The skill inspects typical UE bottlenecks—game thread blocking, HTTP request patterns, and packaging pitfalls—and prescribes concrete solutions: async Blueprint nodes, FAsyncTask/C++ workers, and aggressive caching. It explains when to call cloud APIs versus local inference and how to hide latency using animation and behavior trees. All recommendations are grounded in the provided patterns, sharp-edge failure lists, and validation rules so implementations follow a tested checklist.

When to use it

  • Adding chat-driven NPCs where designers need rapid iteration via Blueprints
  • Implementing complex dialogue systems that must not block the GameThread
  • Choosing between cloud LLMs and on-device inference for console/PC builds
  • Optimizing network and HTTP usage for high-frequency dialogue calls
  • Packaging and certifying games that include third-party model binaries or web APIs

Best practices

  • Never block the GameThread—run LLM calls on async tasks or worker threads
  • Expose Blueprint-first nodes for designers, with C++ backends for heavy parsing
  • Cache prompts, responses, and parsed intents to reduce repeat latency
  • Prefer cloud APIs for simplicity; use local inference only when latency or privacy demands it
  • Follow the reference patterns for threading, error handling, and packaging validations

Example use cases

  • An open-world RPG where NPCs use an LLM to generate dynamic side-quest dialogue without halting frames
  • A conversational companion that streams partial responses and drives lip-sync/animations
  • A multiplayer lobby assistant that aggregates player prompts, caches answers, and respects rate limits
  • A console release that embeds a vetted local model with packaging steps to pass certification

FAQ

Do I need C++ to use this skill in my project?

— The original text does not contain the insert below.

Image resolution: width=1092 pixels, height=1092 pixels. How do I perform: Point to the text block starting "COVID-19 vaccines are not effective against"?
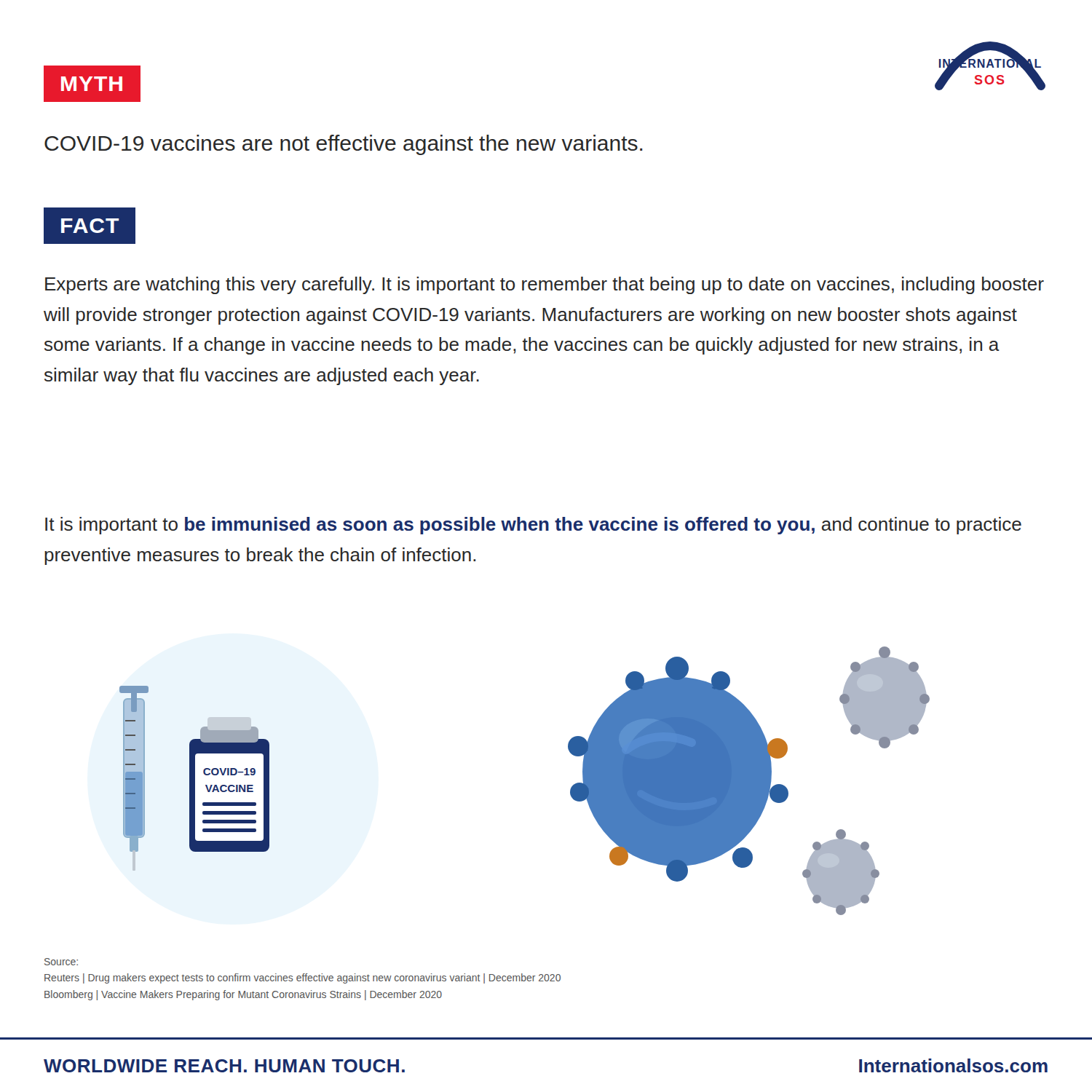click(344, 143)

No—Blueprint-first nodes are provided for rapid iteration, but C++ is recommended for parsing, networking, and other performance-critical paths.

When should I use local inference instead of cloud APIs?

Choose local inference for strict offline or privacy requirements and when latency must be deterministic; use cloud APIs for easier setup and model updates. Validate packaging and performance against the provided validation rules first.